Description 'Great Expectations@ 21st-century Dickens: a 1-day workshop aimed at teachers and trainess (KS2 and KS3) for Curriculum 2014 
Form Of Engagement Activity Participation in an activity, workshop or similar
Part Of Official Scheme? No
Geographic Reach Regional
Primary Audience Professional Practitioners
Results and Impact This 1-day workshop took place in the School of Education, University of Southampton, on 23 March 2013. It aimed to introduce practicing and trainee teachers to innovative and effective ways of teaching Dickens in the 21st-century classroom. The day began with an hour-long plenary lecture by the grant-holder (Hammond) titled 'We all have Great Expectations: new interpretations of Dickens's classic novel' in which delegates were introduced to her project findings, including Dickens's close relationship with the Victorian publishing industry, the ways in which the novel's first readers encountered it in Britain and the US (largely in small sections), and how Dickens understood and catered in the structure of the novel for the different competencies of his various readerships. Hammond demonstrated that this inbuilt formal flexibility enables Dickens to be translated effectively and enjoyably to the 21st-century classroom. Thereafter the day comprised talks and workshops as follows: 1/ 'Then and Now: teaching Dickensian themes in the 21st century'; 2/ 'Exploring the language of Dickens'; 3/Dramatising Dickens in the classroom.' The day ended with a roundtable titled 'Back to the Future: can Dickens survive in 2014?' The workshop was attended by 28 trainee and practicing teachers from Hampshire schools. The feedback questionnaire distributed at the end demonstrated the success of the day. All participants deemed all aspects of the workshop 'Excellent' or 'Good'; many commented that they would be using the ideas it had generated in their classrooms; and most stated that as a result of attending, they felt more confident about teaching Dickens effectively in the face of sometimes restrictive National Curriculum imperatives. The only downside of the day was the significant drop-out rate; 50 teachers signed up, but ultimately almost half found they were too tired and busy to give up a Saturday. All these, however, asked to be sent the teaching pack produced for the workshop.

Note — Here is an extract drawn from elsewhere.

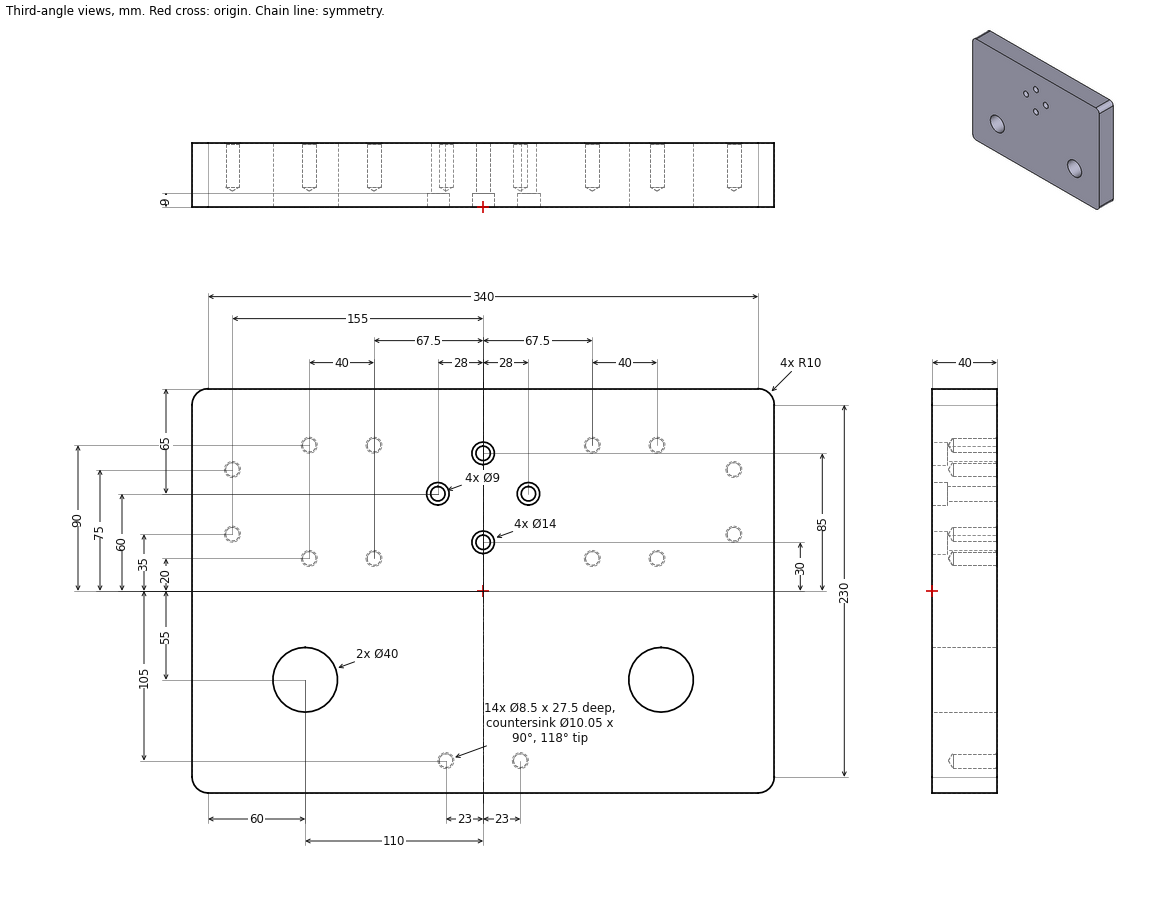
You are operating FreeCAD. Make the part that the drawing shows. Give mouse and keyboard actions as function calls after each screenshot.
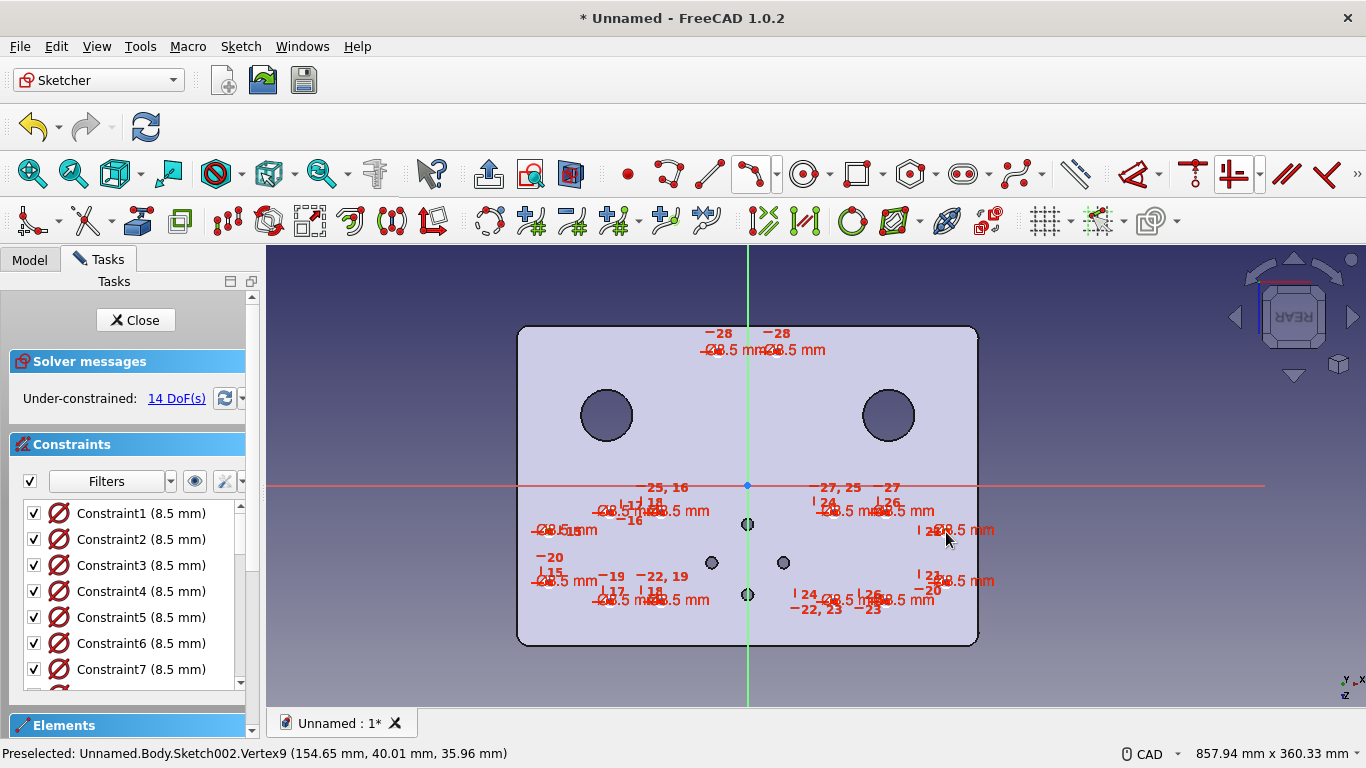
click(748, 650)

Practising and trainee teachers who attended provided feedback which indicated that they generally felt the workshop had made them more comfortable teaching Dickens in the classroom, and given them ideas for making the novels accessible to 21st-century schoolchildren
Year(s) Of Engagement Activity 2012
 
Description Dickens 24-hour charity read-a-thon 
Form Of Engagement Activity Participation in an activity, workshop or similar
Part Of Official Scheme? No
Geographic Reach International
Primary Audience Public/other audiences
Results and Impact A group of almost 40 undergraduates, postgraduates, colleagues (University-wide) and members of the public read the whole of Charles Dickens's Great Expectations aloud in 14 different languages over the weekend of 14th/15th January 2017 to raise money for the Southampton Centre for Cancer Immunology. Dickens's great-great granddaughter participated, tweeted to the wider Dickens family, and publicized the event via the Charles Dickens Museum. Numbers of participants tweeted throughout, gaining an international response. Local radio stations Radio Solent and Radio Wave 105 interviewed myself and Kate Dickens about the event and broadcast the interviews during prime-time radio slots, thus reaching large numbers of listeners regionally.